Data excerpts
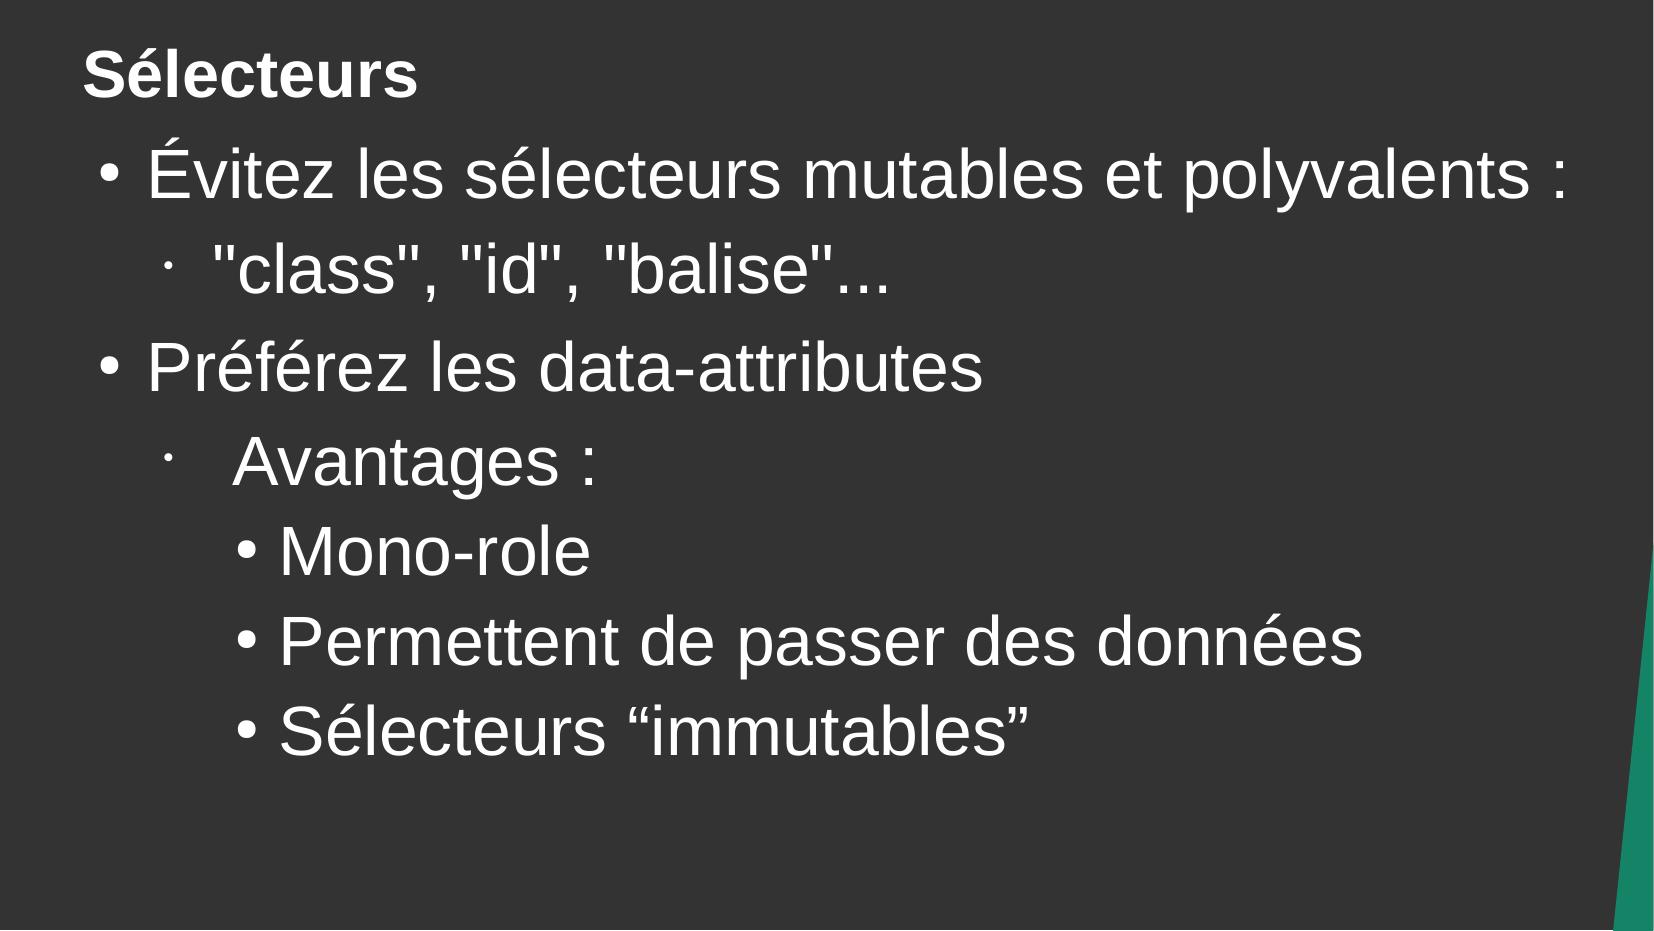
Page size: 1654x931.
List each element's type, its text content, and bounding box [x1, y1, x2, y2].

list Évitez les sélecteurs mutables et polyvalents : "class", "id", "balise"... Préférez les data-attributes Avantages : Mono-role Permettent de passer des données Sélecteurs “immutables” [80, 135, 1583, 827]
text_box [1613, 538, 1654, 931]
title Sélecteurs [82, 37, 799, 114]
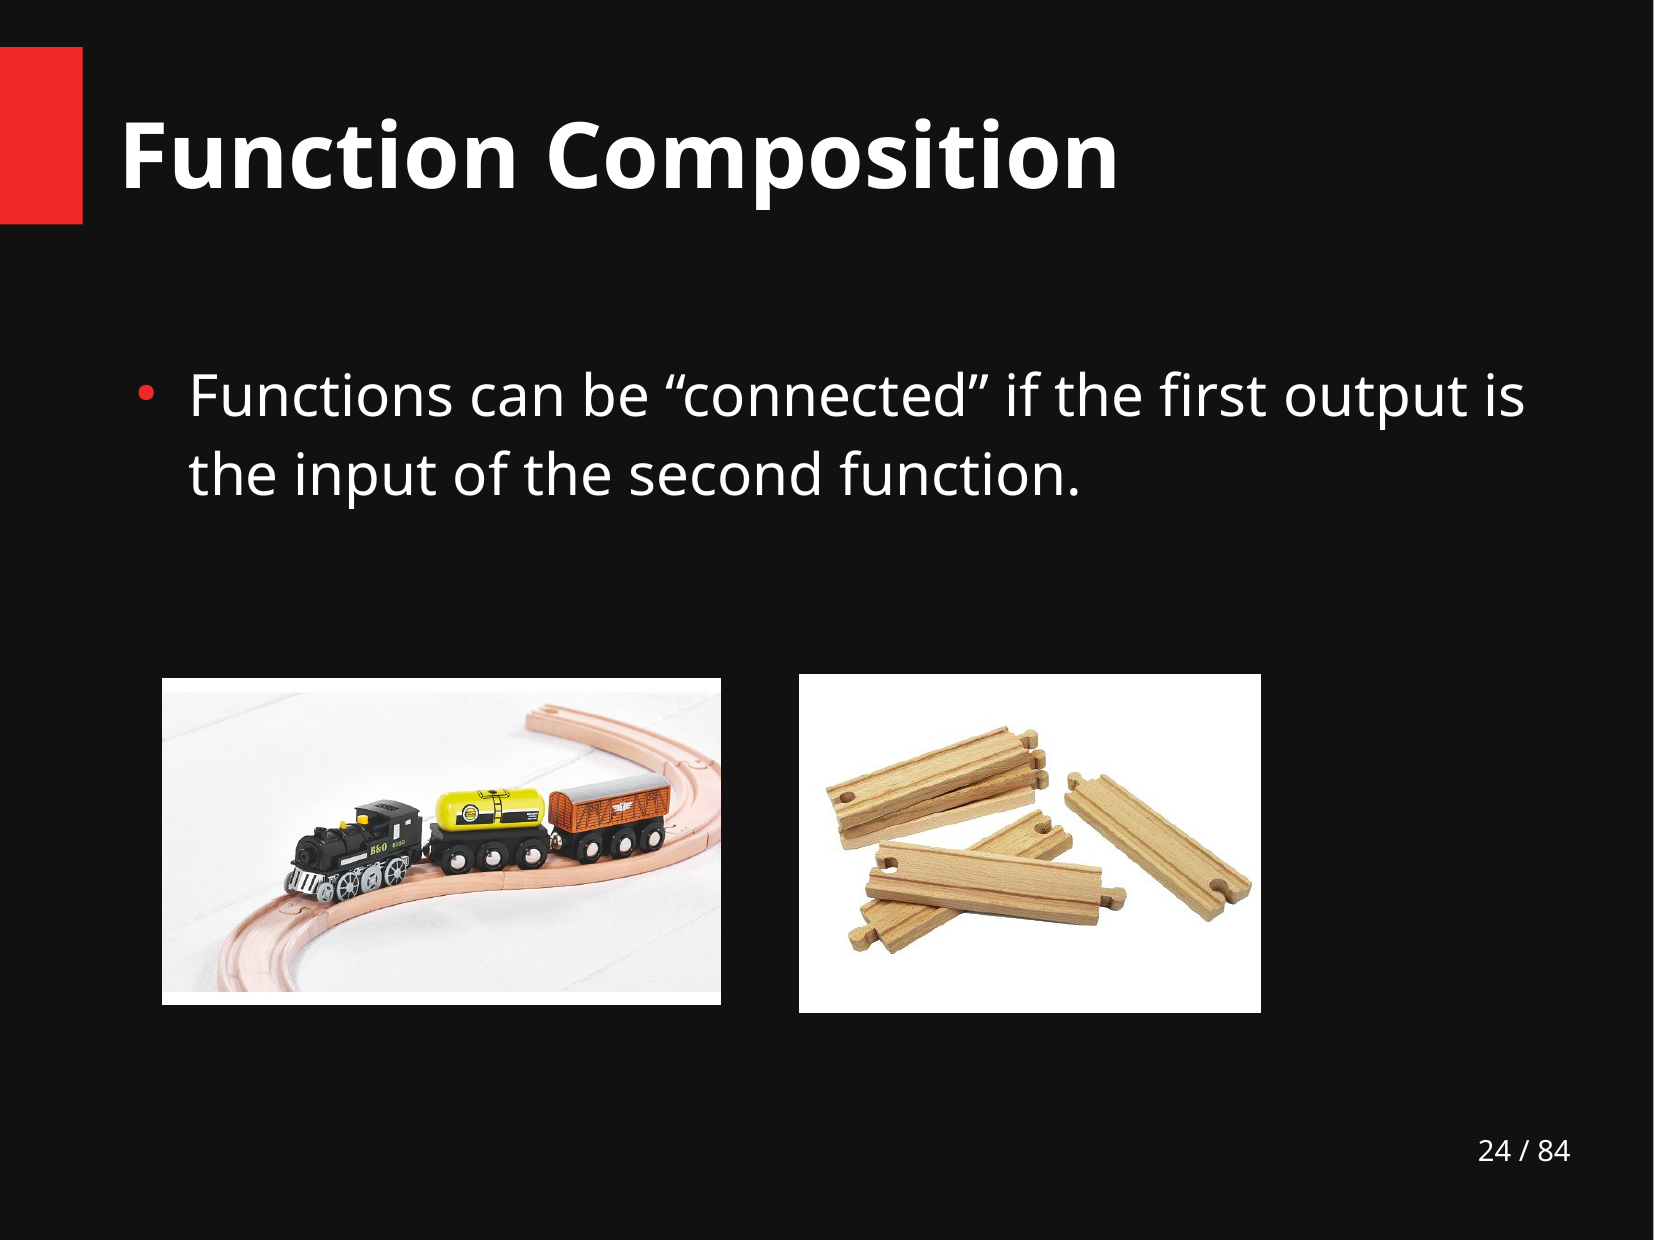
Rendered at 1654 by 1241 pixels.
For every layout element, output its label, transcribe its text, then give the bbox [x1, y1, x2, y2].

title Function Composition [118, 49, 1571, 257]
picture [799, 674, 1261, 1013]
list Functions can be “connected” if the first output is the input of the second function. [118, 354, 1536, 1074]
picture [162, 678, 721, 1006]
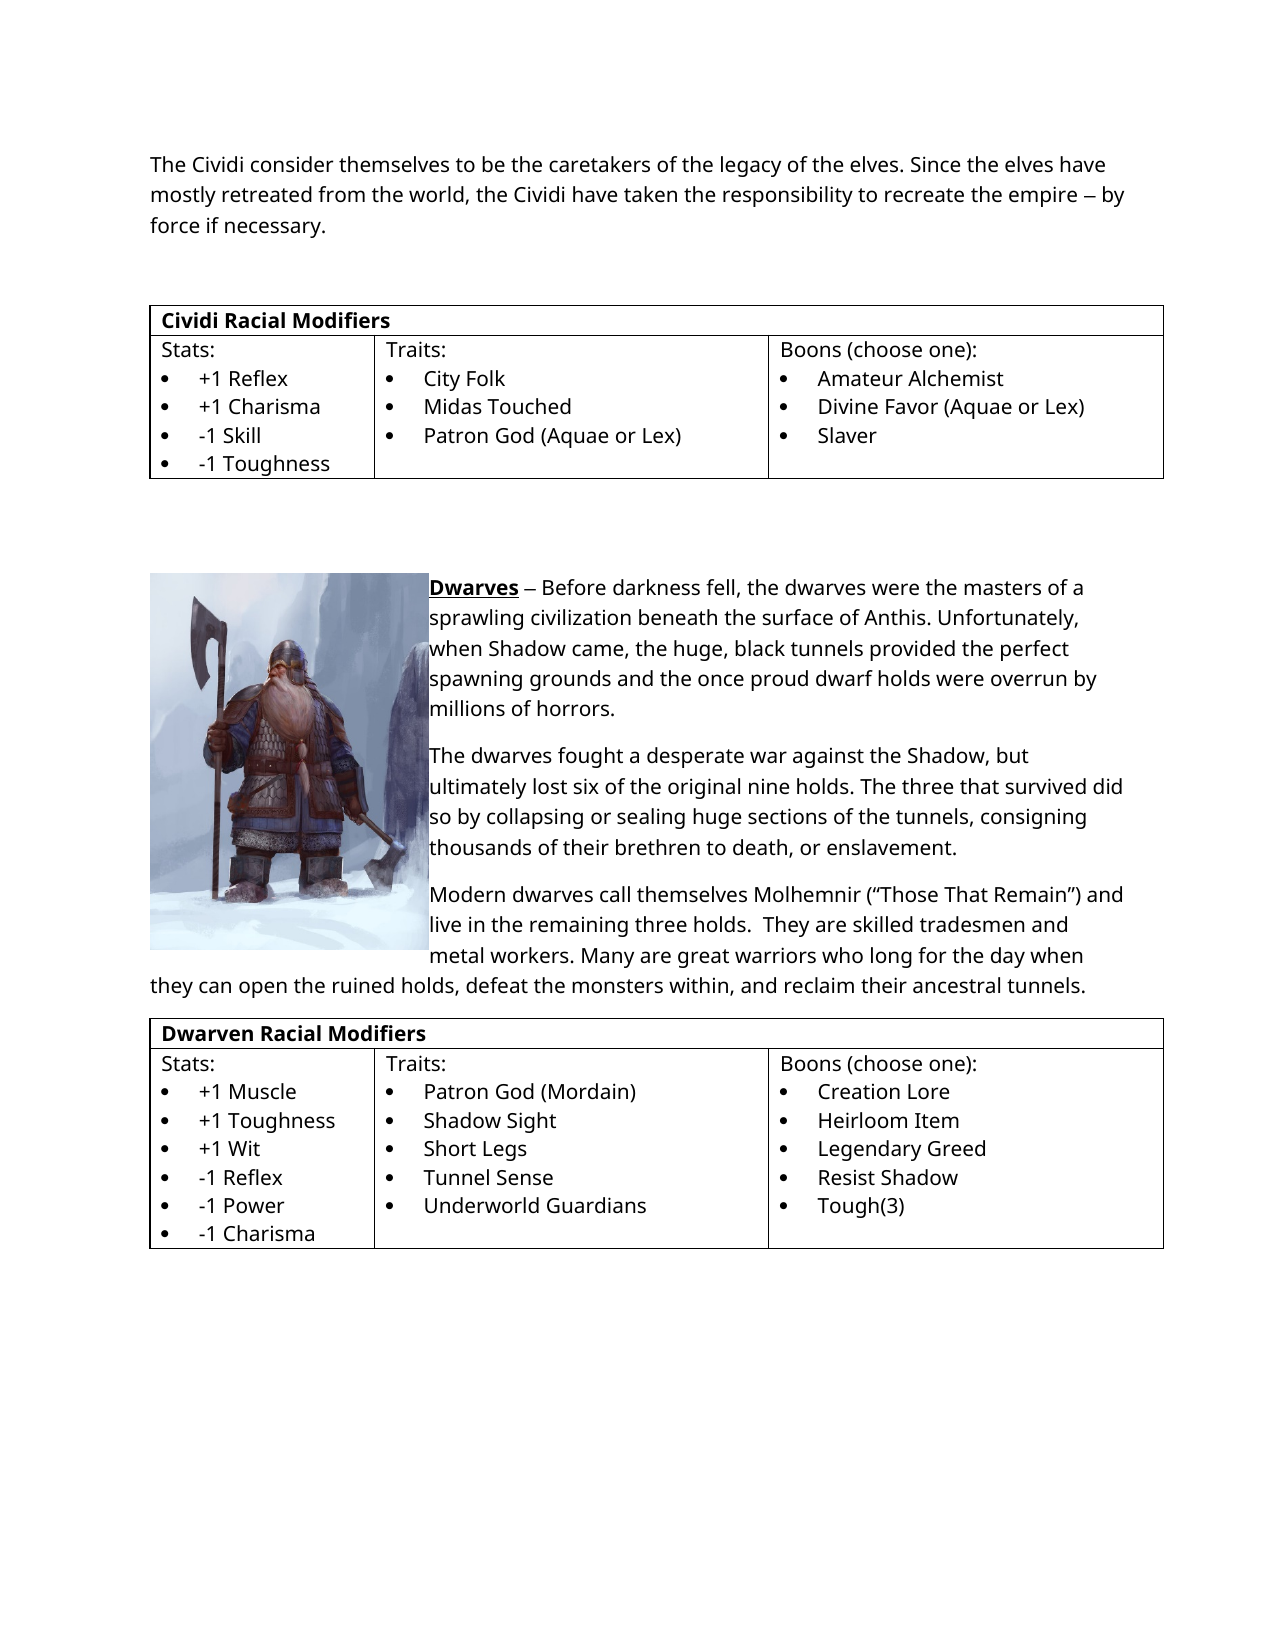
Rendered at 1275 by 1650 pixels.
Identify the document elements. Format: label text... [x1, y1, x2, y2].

table_cell Stats: +1 Reflex +1 Charisma -1 Skill -1 Toughness [151, 336, 374, 478]
table_cell Traits: City Folk Midas Touched Patron God (Aquae or Lex) [375, 336, 768, 478]
table_cell Boons (choose one): Creation Lore Heirloom Item Legendary Greed Resist Shadow Tough(3) [769, 1049, 1163, 1248]
text Dwarves – Before darkness fell, the dwarves were the masters of a sprawling civilization beneath the surface of Anthis. Unfortunately, when Shadow came, the huge, black tunnels provided the perfect spawning grounds and the once proud dwarf holds were overrun by millions of horrors. [429, 573, 1125, 723]
table_header Dwarven Racial Modifiers [151, 1019, 1163, 1048]
table_header Cividi Racial Modifiers [151, 306, 1163, 334]
table_cell Boons (choose one): Amateur Alchemist Divine Favor (Aquae or Lex) Slaver [769, 336, 1163, 478]
table_cell Traits: Patron God (Mordain) Shadow Sight Short Legs Tunnel Sense Underworld Guardians [375, 1049, 768, 1248]
text The Cividi consider themselves to be the caretakers of the legacy of the elves. Since the elves have mostly retreated from the world, the Cividi have taken the responsibility to recreate the empire – by force if necessary. [150, 150, 1125, 239]
text The dwarves fought a desperate war against the Shadow, but ultimately lost six of the original nine holds. The three that survived did so by collapsing or sealing huge sections of the tunnels, consigning thousands of their brethren to death, or enslavement. [429, 742, 1125, 861]
text Modern dwarves call themselves Molhemnir (“Those That Remain”) and live in the remaining three holds. They are skilled tradesmen and metal workers. Many are great warriors who long for the day when they can open the ruined holds, defeat the monsters within, and reclaim their ancestral tunnels. [150, 880, 1125, 1000]
table_cell Stats: +1 Muscle +1 Toughness +1 Wit -1 Reflex -1 Power -1 Charisma [151, 1049, 374, 1248]
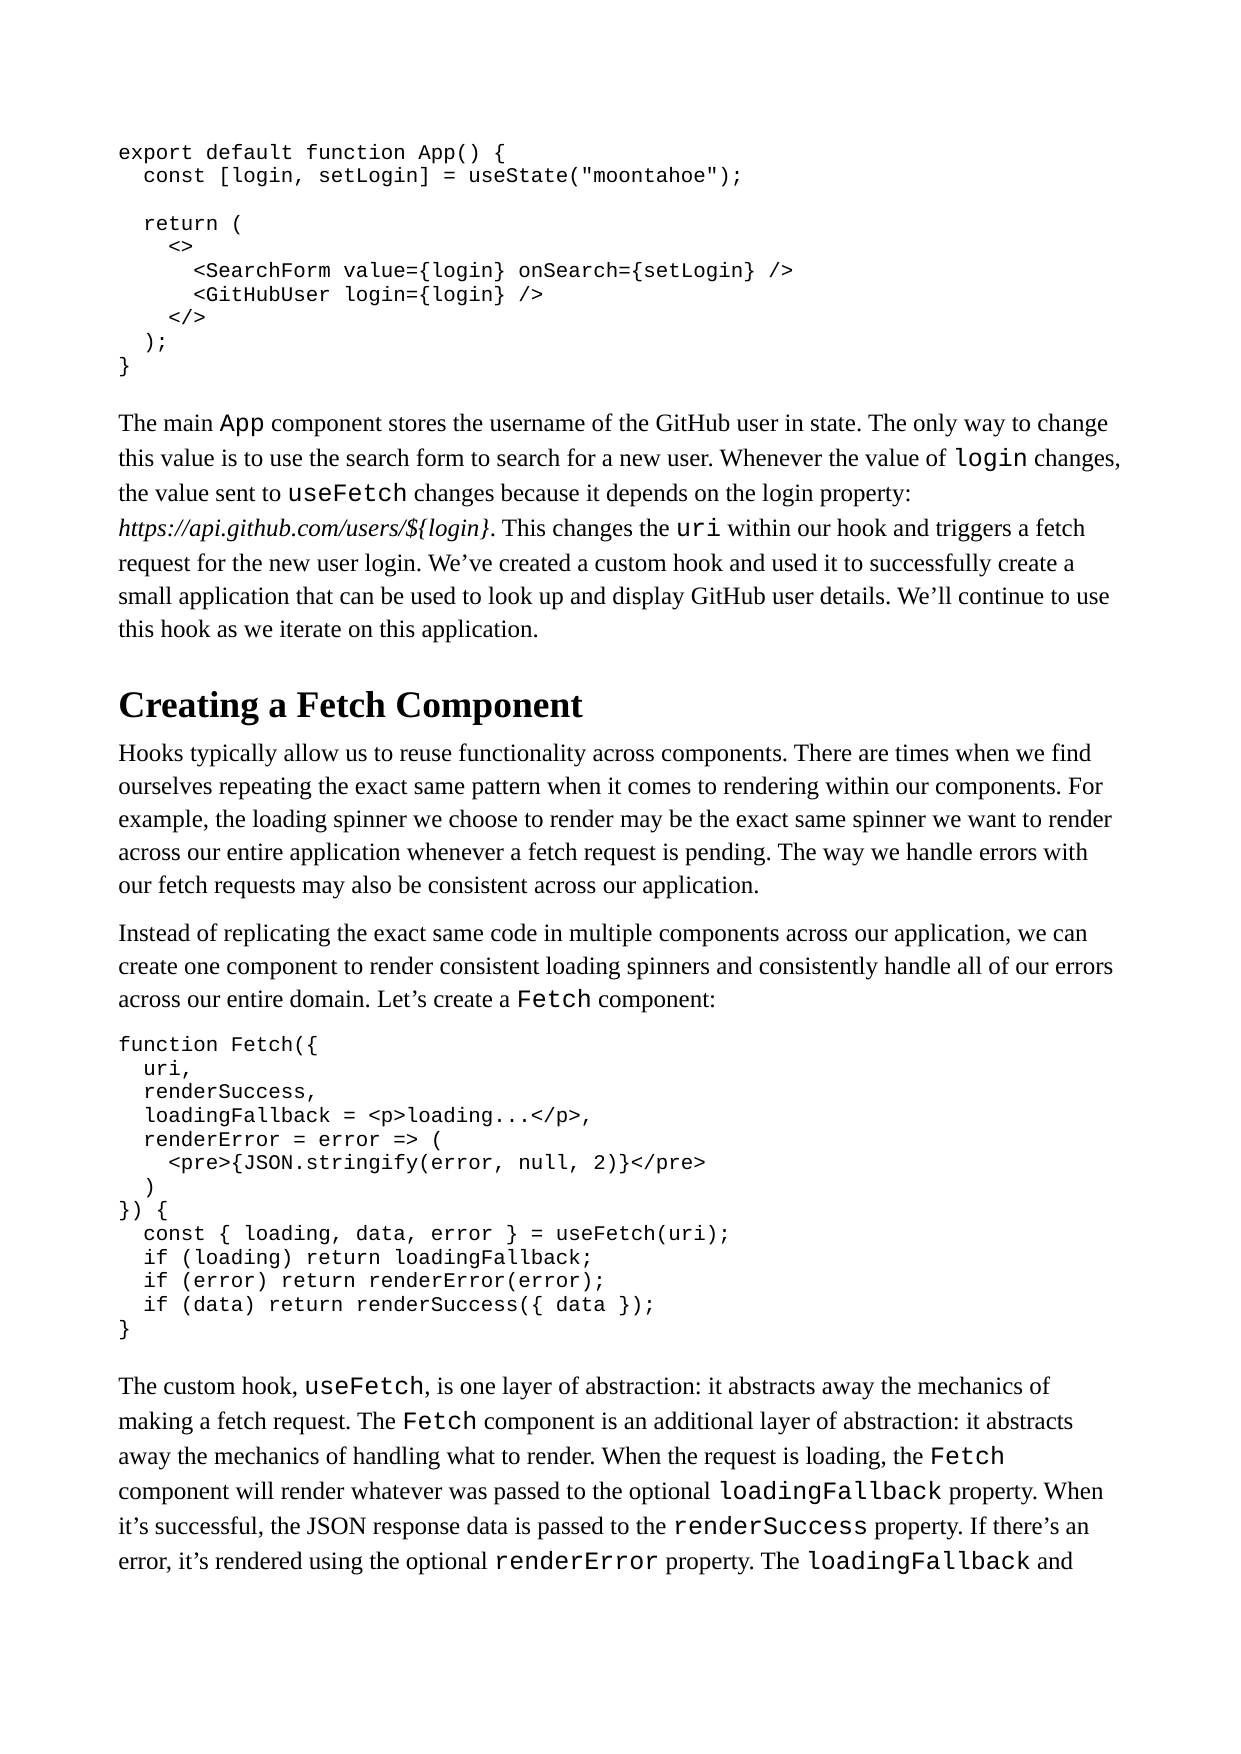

== What needs to be done ==
Above are some records. Reproduce the lines from the one with "List each element's" down to the one with "Rendered at 1275 by 1650 pixels.", keeping both, and leave every picture out.

== Solution to this problem ==
List each element's type, its text content, and bounding box [x1, y1, x2, y2].

list Évitez les sélecteurs mutables et polyvalents : "class", "id", "balise"... Préférez les data-attributes Avantages : Mono-role Permettent de passer des données Sélecteurs “immutables” [80, 135, 1583, 827]
text_box [1613, 538, 1654, 931]
title Sélecteurs [82, 37, 799, 114]
Rendered at 1654 by 1241 pixels.
For every layout element, output its label, transcribe its text, then give the bbox [x1, y1, x2, y2].

title Function Composition [118, 49, 1571, 257]
picture [799, 674, 1261, 1013]
list Functions can be “connected” if the first output is the input of the second function. [118, 354, 1536, 1074]
picture [162, 678, 721, 1006]
Rendered at 1275 by 1650 pixels.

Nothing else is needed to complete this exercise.